» TASK TO CARRY OUT: Print the data exactly. Omit the pictures.
Start of Block
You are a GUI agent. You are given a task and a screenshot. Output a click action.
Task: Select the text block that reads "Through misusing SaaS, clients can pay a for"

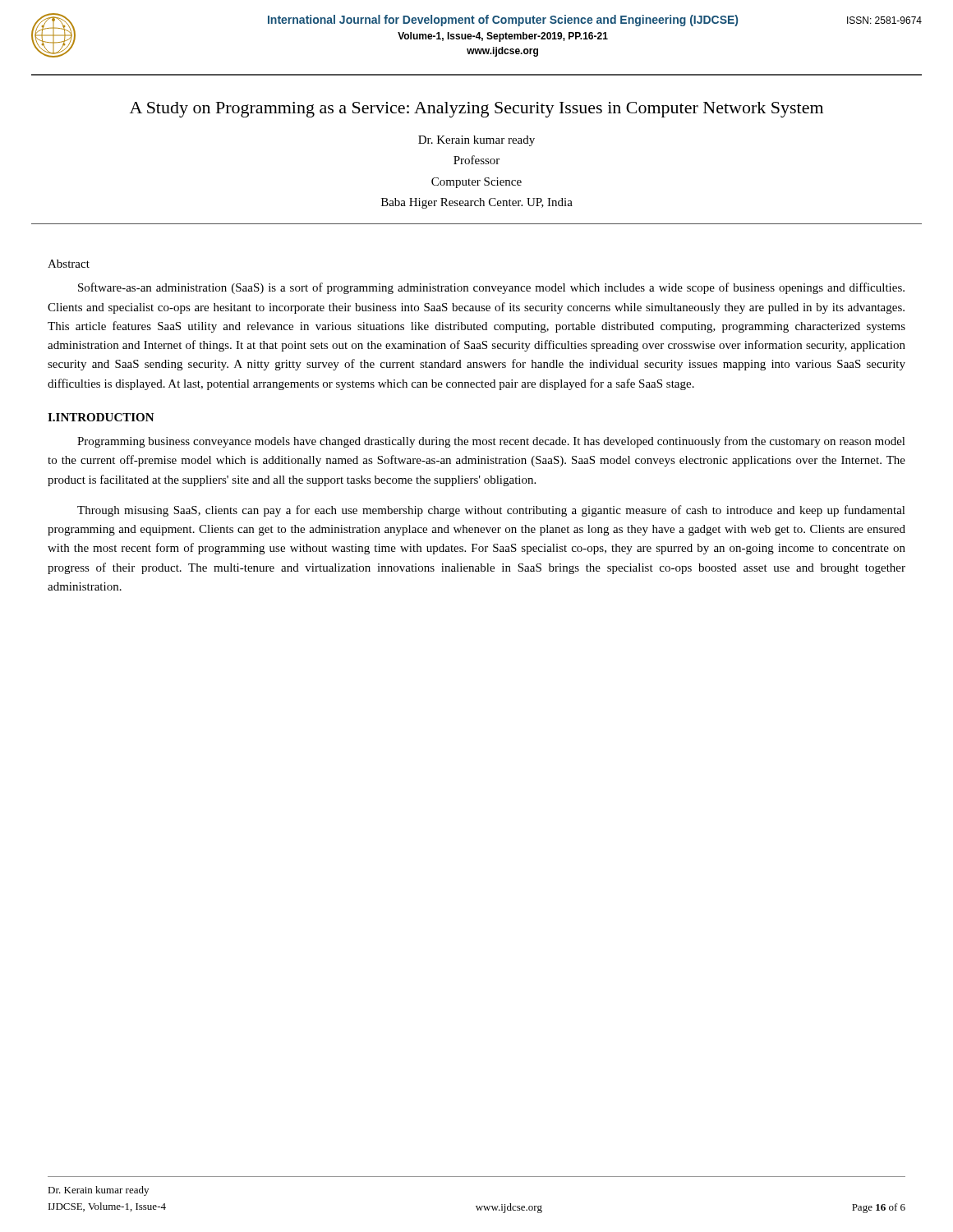pyautogui.click(x=476, y=548)
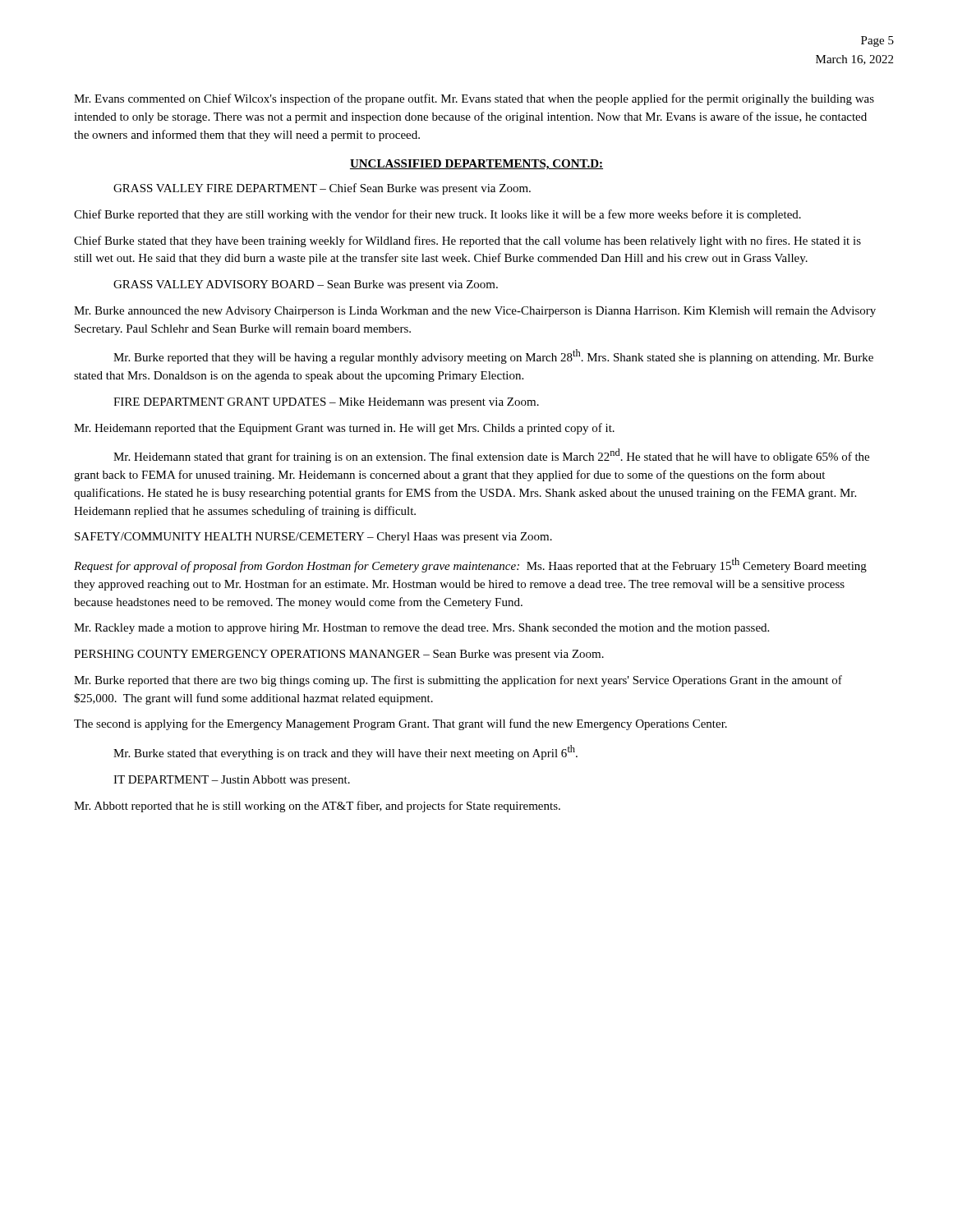Find the passage starting "Mr. Heidemann stated that"
Screen dimensions: 1232x953
tap(476, 483)
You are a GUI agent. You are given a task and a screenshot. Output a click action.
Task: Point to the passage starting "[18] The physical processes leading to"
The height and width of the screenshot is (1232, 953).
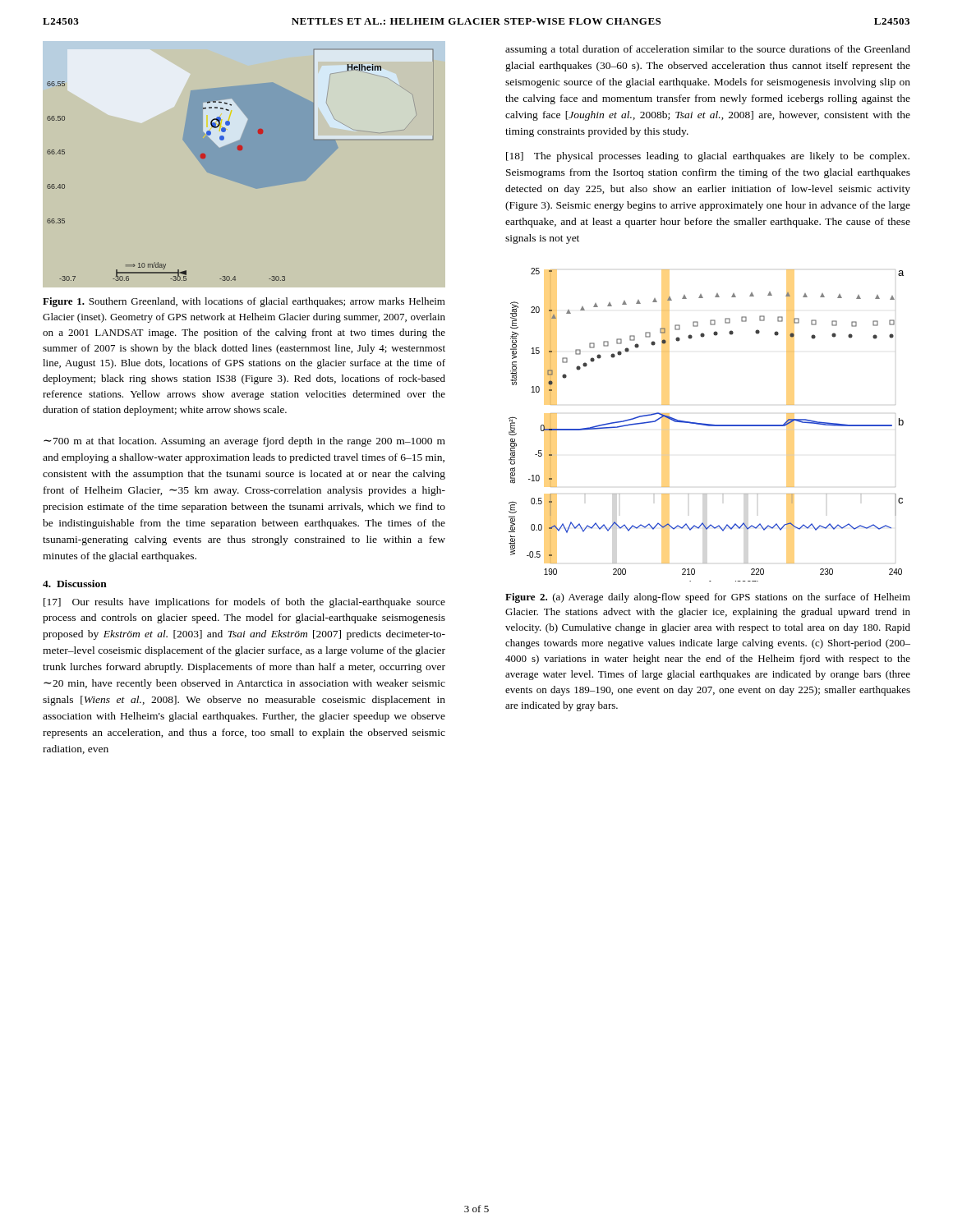708,197
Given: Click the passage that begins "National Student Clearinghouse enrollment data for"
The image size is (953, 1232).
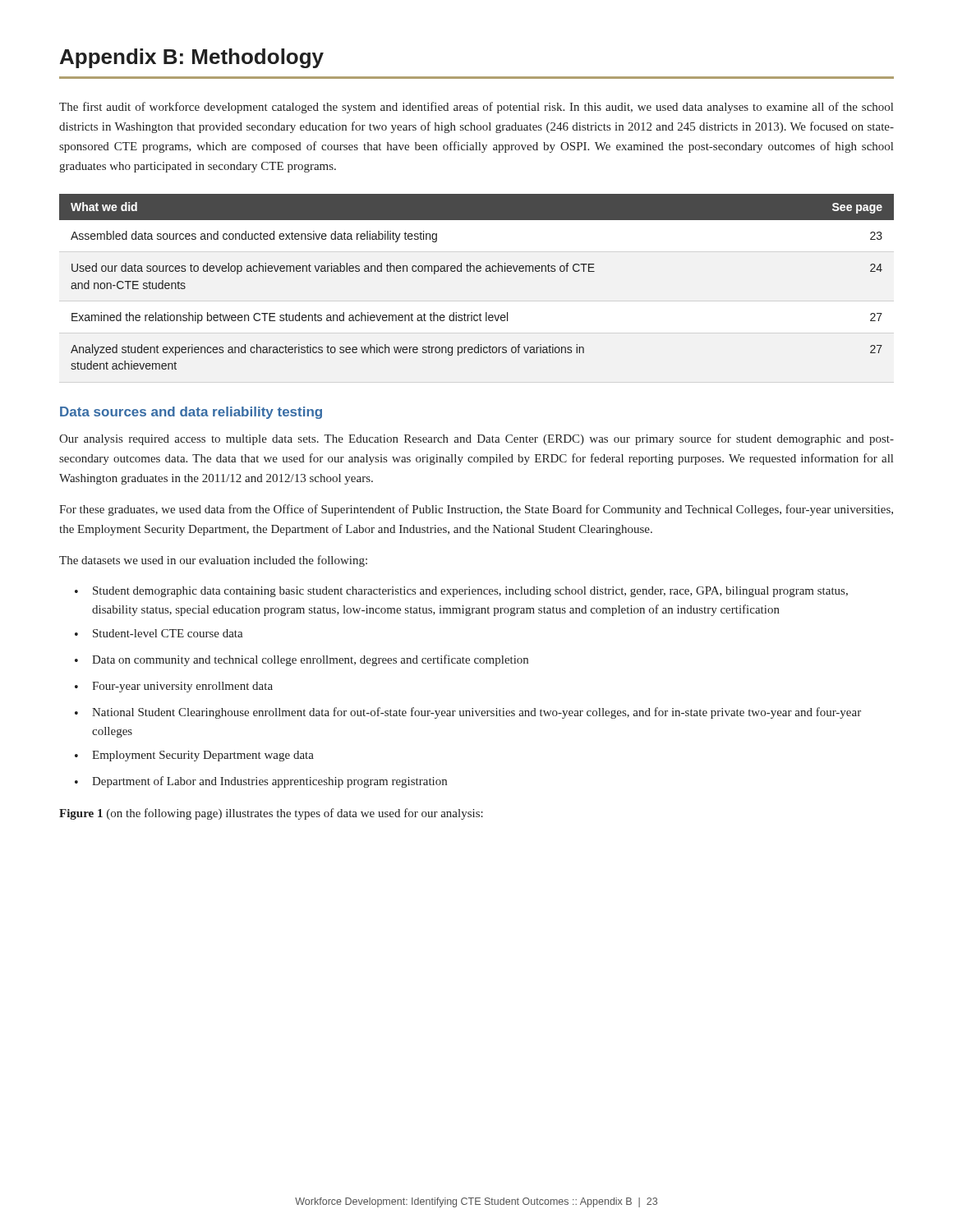Looking at the screenshot, I should click(476, 722).
End of Block
» SOLUTION:
You are a GUI agent. You are given a task and a screenshot. Output a click action.
Task: Select the text block that reads "Through misusing SaaS, clients can pay a for"

pyautogui.click(x=476, y=548)
Find the passage starting "Mr. Heidemann stated that"
Screen dimensions: 1232x953
tap(476, 483)
You are a GUI agent. You are given a task and a screenshot. Output a click action.
Task: Point to the passage starting "[18] The physical processes leading to"
The height and width of the screenshot is (1232, 953).
708,197
Given: Click the passage that begins "National Student Clearinghouse enrollment data for"
The image size is (953, 1232).
Looking at the screenshot, I should click(476, 722).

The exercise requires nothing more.